As usual, I read fiction, non-fiction, memoir, graphic novels, and how-to books.
If I put these books in order of how much I loved them, Demon Copperhead by Barbara Kingsolver would be number one book of fiction. There Was an Old Woman by Andrea Carlisle is my number one non-fiction.
*4. All This Could Be Different by Sarah Thankam Mathews 2022 Viking 310pp. Wonderful lesbian novel by an East Indian woman. A saga of striving to make it in a new country, missing parents in the old, making friends, trying and failing at love relationships, plus a bit of spicy love-making.
*5. Avid Reader by Robert Gottlieb 2016 Farrar, Straus & Giroux 323 pp. I thoroughly enjoyed this flawlessly edited memoir by one of the most famous editors of our time. A chronicle of his life in books. Made me want to read so many of the books he edited including at least one of the LBJ books by Caro. Also sent me to The New Yorker archives to read his article about Minou Drouet, French girl poet.
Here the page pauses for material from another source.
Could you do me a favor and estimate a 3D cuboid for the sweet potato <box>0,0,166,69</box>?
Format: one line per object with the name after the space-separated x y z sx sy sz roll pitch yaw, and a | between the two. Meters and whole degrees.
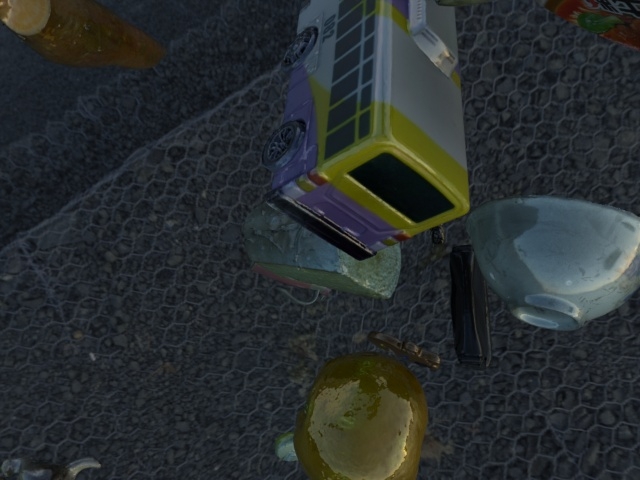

*11. Horse by Geraldine Brooks. 2022 by Viking, 416 pp. One of the best books I've read in ages. Brooks is a masterful writer. In this book, she narrates from the point of view of different characters in different time periods, and she does so seamlessly. The depth of her research shows in the ease of how she slips between characters and time periods, each of which have specific lives and/or occupations which are unknown to most people.
*14. Demon Copperfield by Barbara Kingsolver 2022 880 pp in large print edition
A masterpiece. Kingsolver has at last written widely and deeply about her own people, the people of Appalachia. She has taken all the aspects of this part of the US and put them into a remarkable story of one boy. There is poverty, domestic abuse, pregnant high school girls, orphans, coal, strip mining, and the scourge of Oxy. There is the discrimination against land people by money people who see land people as ignorant, incested, poor, addicted and/or alcoholic and toothless. I'm not from Appalachia, but I am from the Ozarks, which is not too much different. I have experienced the discrimination, the shaming, all my life. I gave up my accent due to shaming. When I presented a play about my people, feedback included the words incest and inbreeding (neither of which are part of the play). And Kingsolver did all this through the story who was born to an alcoholic mother, sent to abusive foster situations with overworked noncaring case workers. No spoilers here. I hope this book goes a long way toward ending the discrimination that not only exists, but is rampant.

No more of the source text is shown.